ゾフィーはデリーの額や首筋、胸や手首に手を当てて言った。
「気を失っています。魔力も体力も限界まで使ってしまったのでしょう」
「回復できますわよね?」
魔獣の動きを気にしながらリズが聞いた。
「それが……」
珍しくゾフィーが口ごもった。
「ゾフィーさん……?」
ロナがゾッとしたような表情で聞いた。
「私もかなり魔力を使ってしまったので、デリー様をどこまで回復させられるか……」
ゾフィーがうなだれて言った。
「でも、このままでは」
リズは魔獣の動きに神経を使いながら言った。雷撃で鈍くなった魔獣の動きが戻りつつあるのだ。
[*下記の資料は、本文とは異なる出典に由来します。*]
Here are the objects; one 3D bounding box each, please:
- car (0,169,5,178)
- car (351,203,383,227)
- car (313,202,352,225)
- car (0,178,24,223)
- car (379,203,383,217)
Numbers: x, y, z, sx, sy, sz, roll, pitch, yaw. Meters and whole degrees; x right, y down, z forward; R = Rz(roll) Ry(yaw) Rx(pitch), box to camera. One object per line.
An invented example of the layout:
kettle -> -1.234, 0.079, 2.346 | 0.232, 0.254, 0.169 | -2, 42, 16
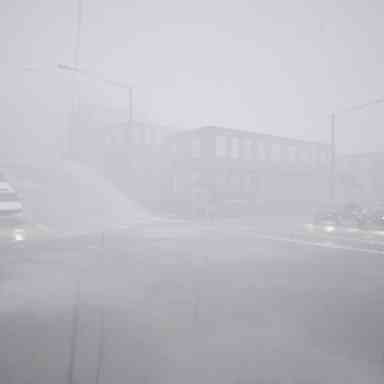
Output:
car -> -18.139, -1.509, 29.965 | 1.882, 1.535, 5.008 | 0, 19, -37
car -> 12.631, 1.539, 21.583 | 4.674, 1.442, 1.812 | 0, 0, -35
car -> 10.957, 1.518, 24.685 | 4.892, 1.490, 1.837 | 0, 0, -35
car -> -13.783, 0.730, 24.103 | 2.150, 2.045, 5.566 | 0, 14, -37
car -> 19.474, 1.621, 30.750 | 4.718, 1.301, 1.895 | 0, 0, -35
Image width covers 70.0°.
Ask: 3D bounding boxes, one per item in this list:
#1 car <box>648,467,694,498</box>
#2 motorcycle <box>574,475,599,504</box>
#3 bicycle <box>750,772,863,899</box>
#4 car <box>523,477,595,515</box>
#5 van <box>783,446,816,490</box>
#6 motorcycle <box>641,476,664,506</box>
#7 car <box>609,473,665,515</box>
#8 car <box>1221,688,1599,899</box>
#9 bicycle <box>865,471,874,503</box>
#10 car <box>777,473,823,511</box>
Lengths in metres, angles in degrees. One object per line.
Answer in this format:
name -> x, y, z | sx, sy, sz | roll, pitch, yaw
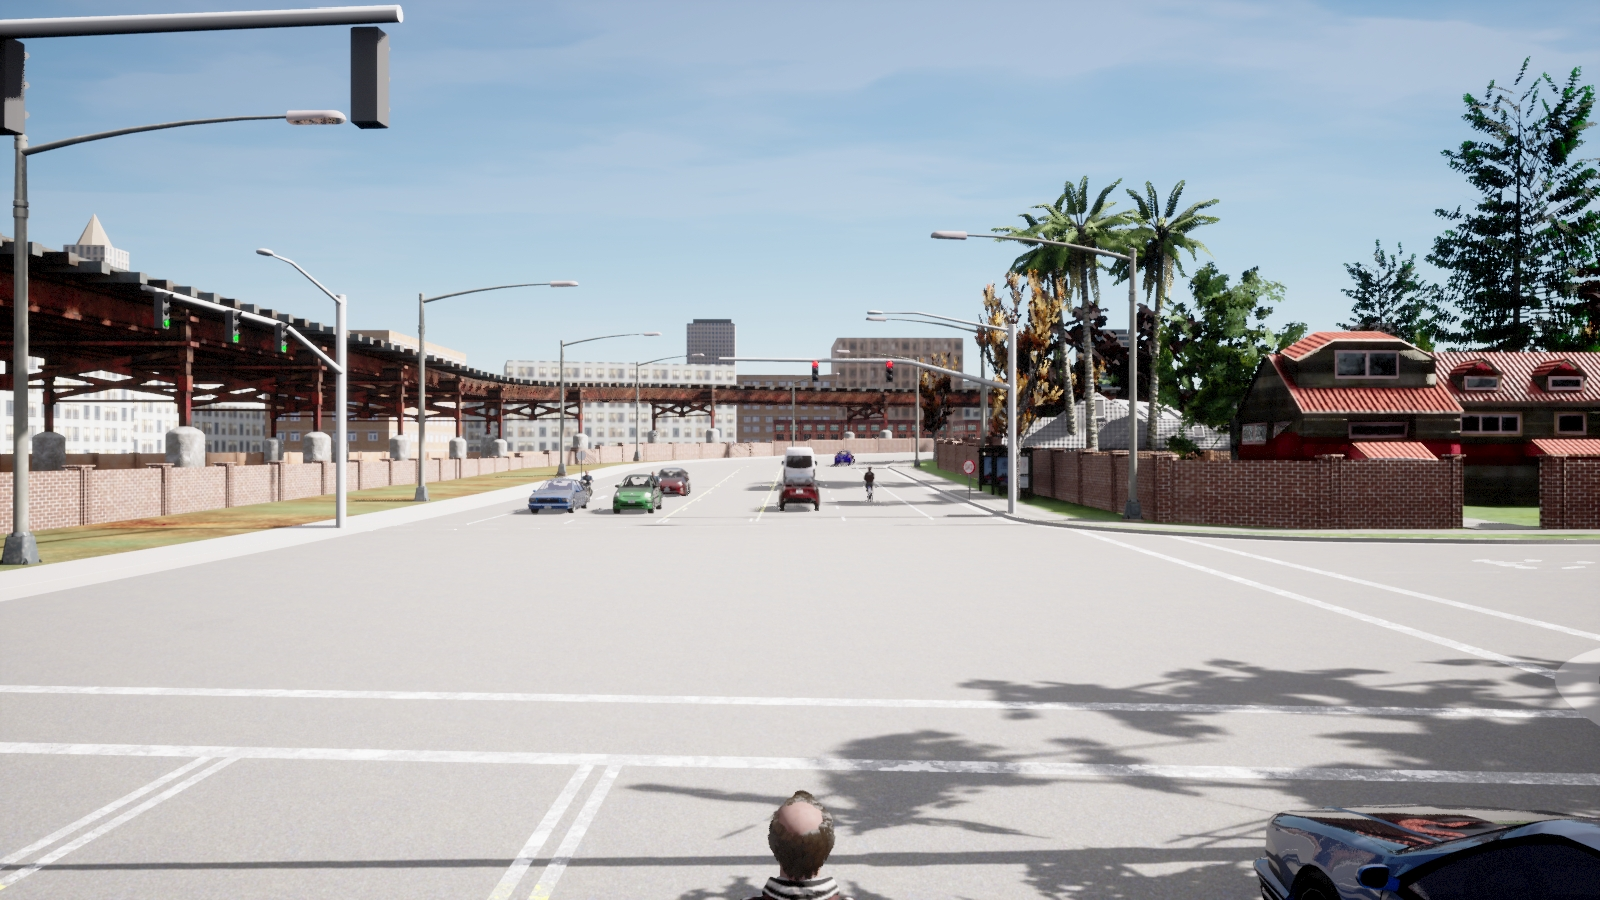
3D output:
car -> -7.042, 1.759, 62.648 | 2.007, 1.525, 4.514 | 0, 1, 0
motorcycle -> -10.476, 1.934, 56.002 | 0.856, 1.341, 1.805 | 0, 1, 1
bicycle -> 0.019, 2.048, 3.681 | 0.329, 1.496, 1.835 | 0, 0, 0
car -> -10.533, 1.979, 50.381 | 2.033, 1.411, 5.357 | 0, 1, 0
van -> -0.035, 1.088, 72.423 | 1.988, 2.561, 5.915 | 0, 1, 0
motorcycle -> -7.053, 1.947, 54.746 | 0.856, 1.341, 1.805 | 0, 1, 0
car -> -7.031, 1.877, 49.699 | 1.851, 1.617, 3.988 | 0, 1, 0
car -> 3.467, 2.106, 4.038 | 2.033, 1.411, 5.357 | 0, 0, 1
bicycle -> 3.480, 1.838, 57.251 | 0.329, 1.496, 1.835 | 0, 1, 0
car -> -0.031, 1.888, 52.080 | 2.007, 1.525, 4.514 | 0, 1, 0
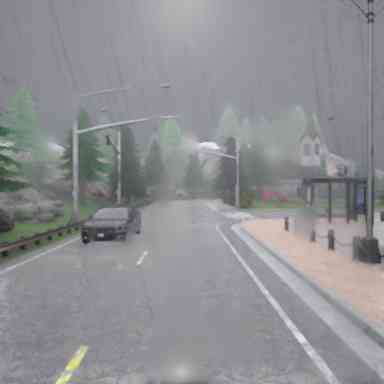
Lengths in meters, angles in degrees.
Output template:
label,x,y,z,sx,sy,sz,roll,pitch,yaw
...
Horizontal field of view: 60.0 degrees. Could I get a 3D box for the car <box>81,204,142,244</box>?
label,x,y,z,sx,sy,sz,roll,pitch,yaw
car,-3.504,1.362,15.259,1.882,1.535,5.008,0,1,0

今攻撃されたら魔獣を倒すどころかデリーとゾフィーを守りきれるかすら怪しい。
「おやおや、王子様が倒されて万事休すかぁい、ひゃははははーーーー!」
勝利を確信して嬉しくて仕方ないといった様子のギョルウ。
そんなギョルウに怒りのひと睨みをくれてからロナが言った。
「ゾフィーさん、デリー様をお願いします」
「はい、勿論ですけど……」
ロナの言わんとするところが今ひとつ理解できない様子のゾフィー。
「そうですわね、ゾフィーさんにお願いしますわ」
リズにはロナの意図が分かったようだ。
「リズさん……?」
そう言ってゾフィーはリズと、そしてロナを交互に見た。
「ゾフィーさんはここから逃げてください、デリー様を担いで」
「ええ!?」
ロナの言葉に驚くゾフィー。
「私が筋力増幅の魔法をかければゾフィーさんでも担げるはずです」
と、リズ。
「でも、それでは……」
不安いっぱいの表情のゾフィー。
「私とリズで魔獣を抑えますから」
「ええ、私達で時間を稼ぎますわ」
ロナとリズが毅然と答えた。
「なにやら小癪な策を弄しようって魂胆みたいだねぇ、まあ無駄なあがきだろうけど」
そう言うギョルウはわざと時間をかけているようだ。
ロナ達が苦しむ様を見る愉悦に浸って楽しんでいるのは明らかだ。
「猛き力をこの者に!」
リズがゾフィーに向かって唱えた。
「さあ、これで大丈夫なはずですわ、ゾフィーさん」
リズに言われてゾフィーはロナの手を借りてデリーを背負った。
「すごい、本当に……!」
半信半疑な様子だったゾフィーが驚いて言った。
「それじゃ、お願いします、ゾフィーさん!」
「お願いします!」
ロナとリズに託され、
「はい、お二人も無理はしないでくださいね」
そう言って二人を心配そうに見ると、ゾフィーは小走りで扉へと向かった。
「王子を逃がして君達が残るとはねぇ、それは僕も思いつかなかったよ」
ギョルウの言葉に嘘はなさそうだ。
「さあ、後は私達が相手よ、この頭のおかしい引きこもりの変人野郎!」
嫌悪と憎悪を最大限に込めて言うと、ロナは剣を構えた。
「ええ、気色悪くて悍ましい外道には鉄槌を下さなければいけませんわね!」
リズもいつでも魔法を放てる体勢で言った。
「な、ななな何だとぉおおおおーーーー!」
二人のうら若き乙女に痛烈な侮蔑の言葉を浴びせられ、ギョルウは頭を掻きむしって悔しがった。
「さあ、ここからが腕の見せどころよ、リズ!」
「勿論、負けませんわよ、ロナ!」
そう言ってロナとリズは不敵な笑みを交わした。